I was sitting in the back seat, quiet, busy jotting notes into my notebook, as we made slow but steady progress through the midday traffic. The driver, irritated by other drivers and the on again off again rain, respected my backseat solitude. But not for long. It was the weather that broke the silence.

“I’m really tired of the weather here,” he said. “Do you like the weather in Bogota?” It was a rhetorical question because he didn’t stop speaking.

“Very strange weather we’re having. I’d like to go to the United States where the weather would be much better.”

I asked him which part of the U.S. he’d visited.
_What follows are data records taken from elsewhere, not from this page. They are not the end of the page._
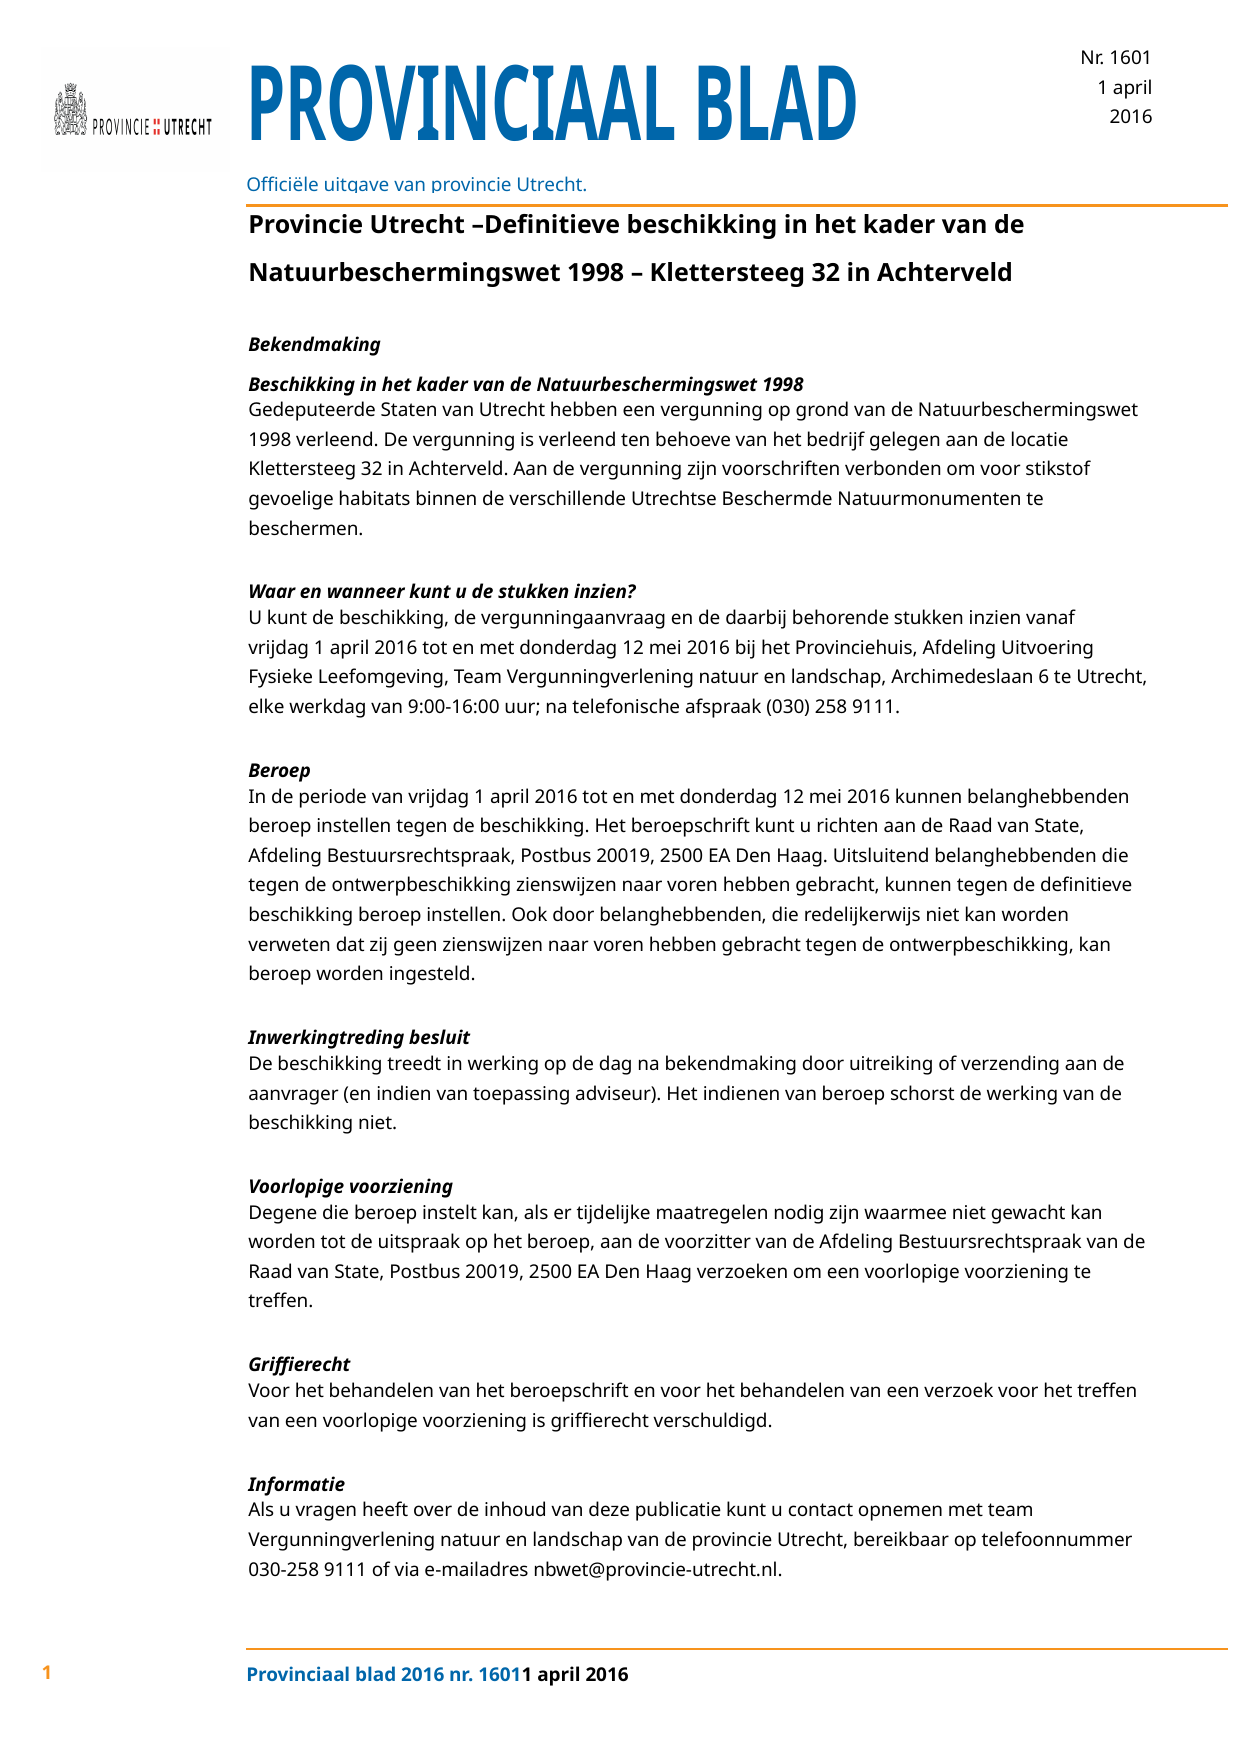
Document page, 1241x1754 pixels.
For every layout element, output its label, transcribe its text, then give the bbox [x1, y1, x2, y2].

text Beroep [248, 757, 1152, 783]
text Griffierecht [248, 1352, 1152, 1377]
text In de periode van vrijdag 1 april 2016 tot en met donderdag 12 mei 2016 kunnen belanghebbenden beroep instellen tegen de beschikking. Het beroepschrift kunt u richten aan de Raad van State, Afdeling Bestuursrechtspraak, Postbus 20019, 2500 EA Den Haag. Uitsluitend belanghebbenden die tegen de ontwerpbeschikking zienswijzen naar voren hebben gebracht, kunnen tegen de definitieve beschikking beroep instellen. Ook door belanghebbenden, die redelijkerwijs niet kan worden verweten dat zij geen zienswijzen naar voren hebben gebracht tegen de ontwerpbeschikking, kan beroep worden ingesteld. [248, 783, 1152, 986]
text Waar en wanneer kunt u de stukken inzien? [248, 579, 1152, 604]
text Als u vragen heeft over de inhoud van deze publicatie kunt u contact opnemen met team Vergunningverlening natuur en landschap van de provincie Utrecht, bereikbaar op telefoonnummer 030-258 9111 of via e-mailadres nbwet@provincie-utrecht.nl. [248, 1497, 1152, 1582]
picture [41, 47, 231, 172]
text Informatie [248, 1471, 1152, 1497]
text Inwerkingtreding besluit [248, 1024, 1152, 1050]
text Voor het behandelen van het beroepschrift en voor het behandelen van een verzoek voor het treffen van een voorlopige voorziening is griffierecht verschuldigd. [248, 1377, 1152, 1433]
text Beschikking in het kader van de Natuurbeschermingswet 1998 [248, 371, 1152, 396]
text De beschikking treedt in werking op de dag na bekendmaking door uitreiking of verzending aan de aanvrager (en indien van toepassing adviseur). Het indienen van beroep schorst de werking van de beschikking niet. [248, 1050, 1152, 1135]
text Degene die beroep instelt kan, als er tijdelijke maatregelen nodig zijn waarmee niet gewacht kan worden tot de uitspraak op het beroep, aan de voorzitter van de Afdeling Bestuursrechtspraak van de Raad van State, Postbus 20019, 2500 EA Den Haag verzoeken om een voorlopige voorziening te treffen. [248, 1199, 1152, 1313]
text Voorlopige voorziening [248, 1173, 1152, 1199]
text Provincie Utrecht –Definitieve beschikking in het kader van de Natuurbeschermingswet 1998 – Klettersteeg 32 in Achterveld [248, 207, 1152, 288]
text U kunt de beschikking, de vergunningaanvraag en de daarbij behorende stukken inzien vanaf vrijdag 1 april 2016 tot en met donderdag 12 mei 2016 bij het Provinciehuis, Afdeling Uitvoering Fysieke Leefomgeving, Team Vergunningverlening natuur en landschap, Archimedeslaan 6 te Utrecht, elke werkdag van 9:00-16:00 uur; na telefonische afspraak (030) 258 9111. [248, 604, 1152, 719]
text Bekendmaking [248, 331, 1152, 357]
text Gedeputeerde Staten van Utrecht hebben een vergunning op grond van de Natuurbeschermingswet 1998 verleend. De vergunning is verleend ten behoeve van het bedrijf gelegen aan de locatie Klettersteeg 32 in Achterveld. Aan de vergunning zijn voorschriften verbonden om voor stikstof gevoelige habitats binnen de verschillende Utrechtse Beschermde Natuurmonumenten te beschermen. [248, 396, 1152, 541]
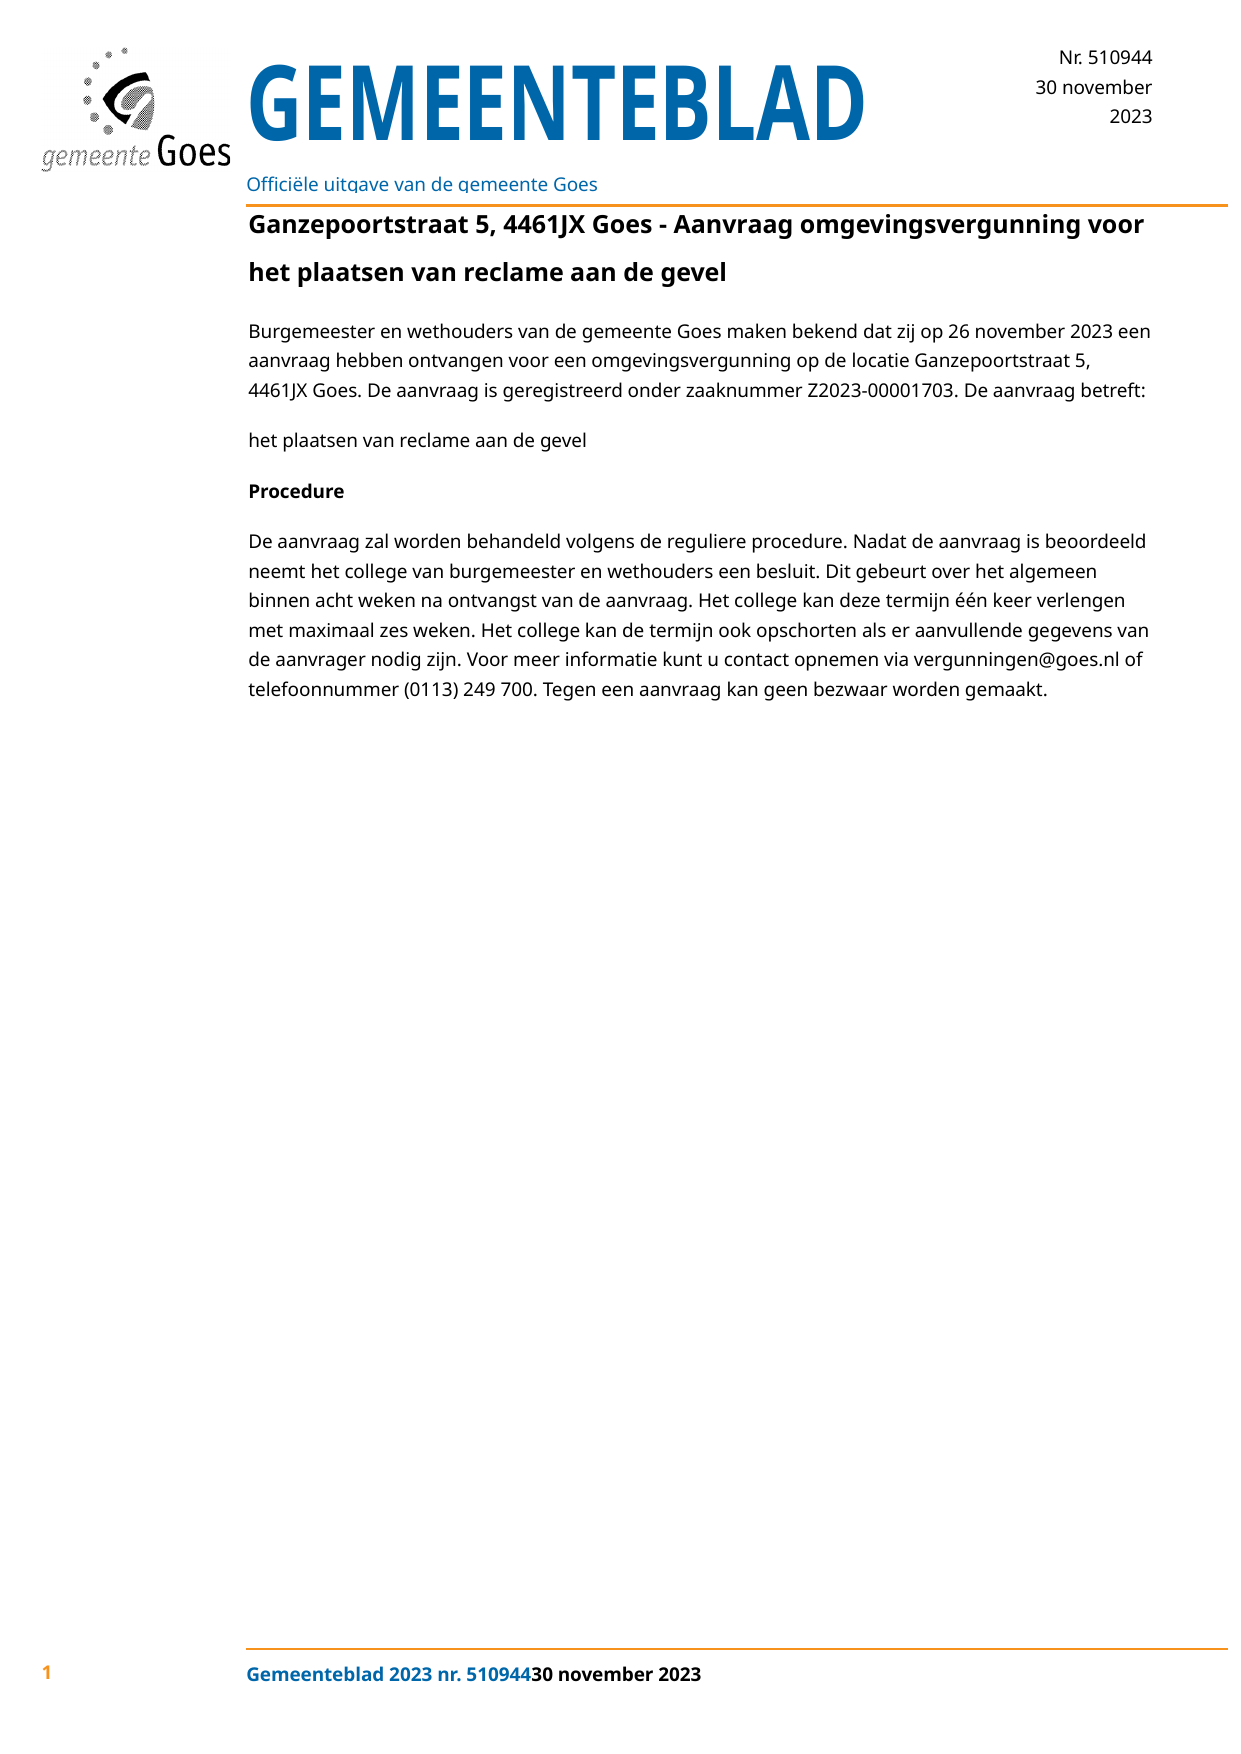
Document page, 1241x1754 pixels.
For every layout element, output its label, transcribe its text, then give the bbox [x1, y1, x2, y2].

text Procedure [248, 478, 1152, 504]
text De aanvraag zal worden behandeld volgens de reguliere procedure. Nadat de aanvraag is beoordeeld neemt het college van burgemeester en wethouders een besluit. Dit gebeurt over het algemeen binnen acht weken na ontvangst van de aanvraag. Het college kan deze termijn één keer verlengen met maximaal zes weken. Het college kan de termijn ook opschorten als er aanvullende gegevens van de aanvrager nodig zijn. Voor meer informatie kunt u contact opnemen via vergunningen@goes.nl of telefoonnummer (0113) 249 700. Tegen een aanvraag kan geen bezwaar worden gemaakt. [248, 528, 1152, 702]
picture [41, 47, 231, 172]
text het plaatsen van reclame aan de gevel [248, 427, 1152, 453]
text Burgemeester en wethouders van de gemeente Goes maken bekend dat zij op 26 november 2023 een aanvraag hebben ontvangen voor een omgevingsvergunning op de locatie Ganzepoortstraat 5, 4461JX Goes. De aanvraag is geregistreerd onder zaaknummer Z2023-00001703. De aanvraag betreft: [248, 318, 1152, 403]
text Ganzepoortstraat 5, 4461JX Goes - Aanvraag omgevingsvergunning voor het plaatsen van reclame aan de gevel [248, 207, 1152, 288]

“I haven’t been there, but I’m sure the weather’s better than Bogota. I’m sure many things there are better than in Bogota.”

He went quiet briefly, but began again as soon as I clicked open my pen.

“The situation here is terrible,” he said as we stopped briefly in the shadow of the Bancolombia bank building. “The politics, the corruption, the war. Here in the center it’s nice, it’s rich, there are few real problems. They like to talk about how the new Colombia is becoming rich, more powerful.

“But in the south,” he continued, “beginning where I picked you up, there’s just misery. There’s drugs, crime, prostitution, violence, children going to bed hungry. Their parents going to bed hungry. So many poor. So much sadness. I don’t want to be here anymore.”

He paused again, just long enough for me to jot down the gist of this wholly unexpected but thoughtful rant. He was the second of as many cab drivers today who spoke, unprompted, of the poverty in Bogota. Maybe the neighborhoods we drove through, prompted by the gray wet chill outside, inspired them.

As the light turned green he shook his head.

“But it’s the same in the United States, isn’t it,” he said. This time he paused expecting a reply.

I told him that in some parts, yes, but that there were many very nice areas as well. “Just like here,” I said.

“Con aqui, mismo,” he repeated, smiling at my awkward Spanish. He was silent until we reached my stop.

“I’ll just stay here,” he said, handing me his business card after I paid my fare. “Call me if you need anything. Anything at all.”